◆ DATA SUPPLIED ◆
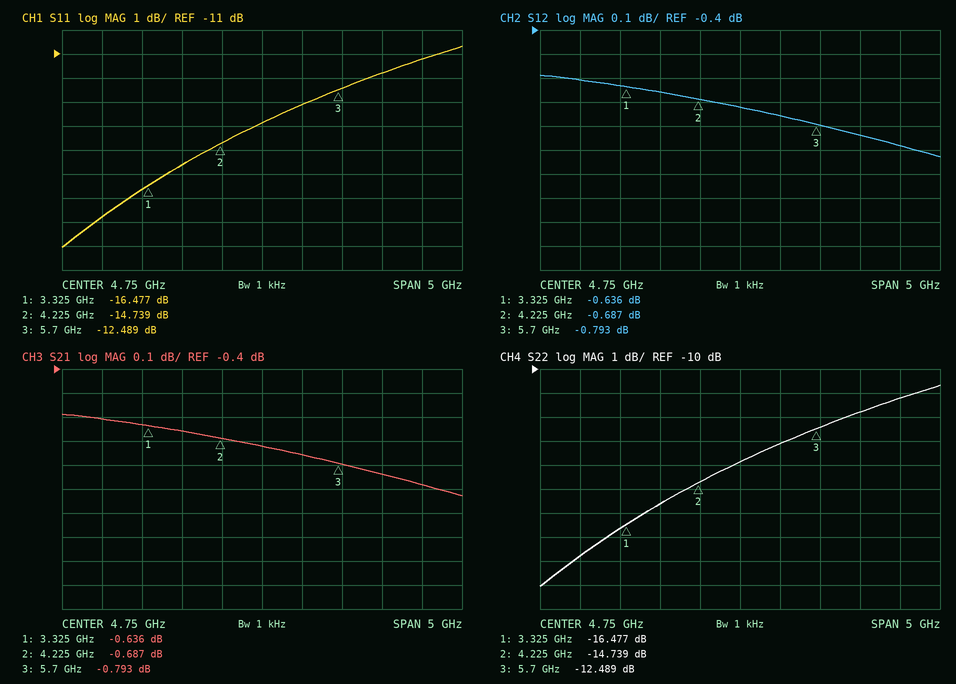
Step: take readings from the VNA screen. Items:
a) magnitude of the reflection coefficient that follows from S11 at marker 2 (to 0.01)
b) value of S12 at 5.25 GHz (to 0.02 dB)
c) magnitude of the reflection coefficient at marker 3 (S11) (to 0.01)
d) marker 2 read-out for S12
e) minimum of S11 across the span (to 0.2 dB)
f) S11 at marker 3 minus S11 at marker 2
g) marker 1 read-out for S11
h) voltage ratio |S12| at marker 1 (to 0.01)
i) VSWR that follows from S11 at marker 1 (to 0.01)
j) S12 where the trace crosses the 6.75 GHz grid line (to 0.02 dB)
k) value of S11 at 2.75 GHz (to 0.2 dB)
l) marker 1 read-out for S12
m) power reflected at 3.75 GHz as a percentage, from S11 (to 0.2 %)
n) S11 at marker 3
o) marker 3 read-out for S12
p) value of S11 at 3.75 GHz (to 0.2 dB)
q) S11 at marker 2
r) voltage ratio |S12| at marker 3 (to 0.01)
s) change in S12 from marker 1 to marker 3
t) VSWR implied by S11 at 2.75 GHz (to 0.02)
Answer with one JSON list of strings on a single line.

["0.18", "-0.76 dB", "0.24", "-0.687 dB", "-19.0 dB", "2.250 dB", "-16.477 dB", "0.93", "1.35", "-0.88 dB", "-17.8 dB", "-0.636 dB", "2.8 %", "-12.489 dB", "-0.793 dB", "-15.6 dB", "-14.739 dB", "0.91", "-0.157 dB", "1.30"]

◆ PROBLEM DETAILS ◆
Your answer should consist of the lines from the line with "d) marker 2 read-out for S12" to the line with "n) S11 at marker 3" above, repeated exactly, both ends included.

◆ RESPONSE AREA ◆
d) marker 2 read-out for S12
e) minimum of S11 across the span (to 0.2 dB)
f) S11 at marker 3 minus S11 at marker 2
g) marker 1 read-out for S11
h) voltage ratio |S12| at marker 1 (to 0.01)
i) VSWR that follows from S11 at marker 1 (to 0.01)
j) S12 where the trace crosses the 6.75 GHz grid line (to 0.02 dB)
k) value of S11 at 2.75 GHz (to 0.2 dB)
l) marker 1 read-out for S12
m) power reflected at 3.75 GHz as a percentage, from S11 (to 0.2 %)
n) S11 at marker 3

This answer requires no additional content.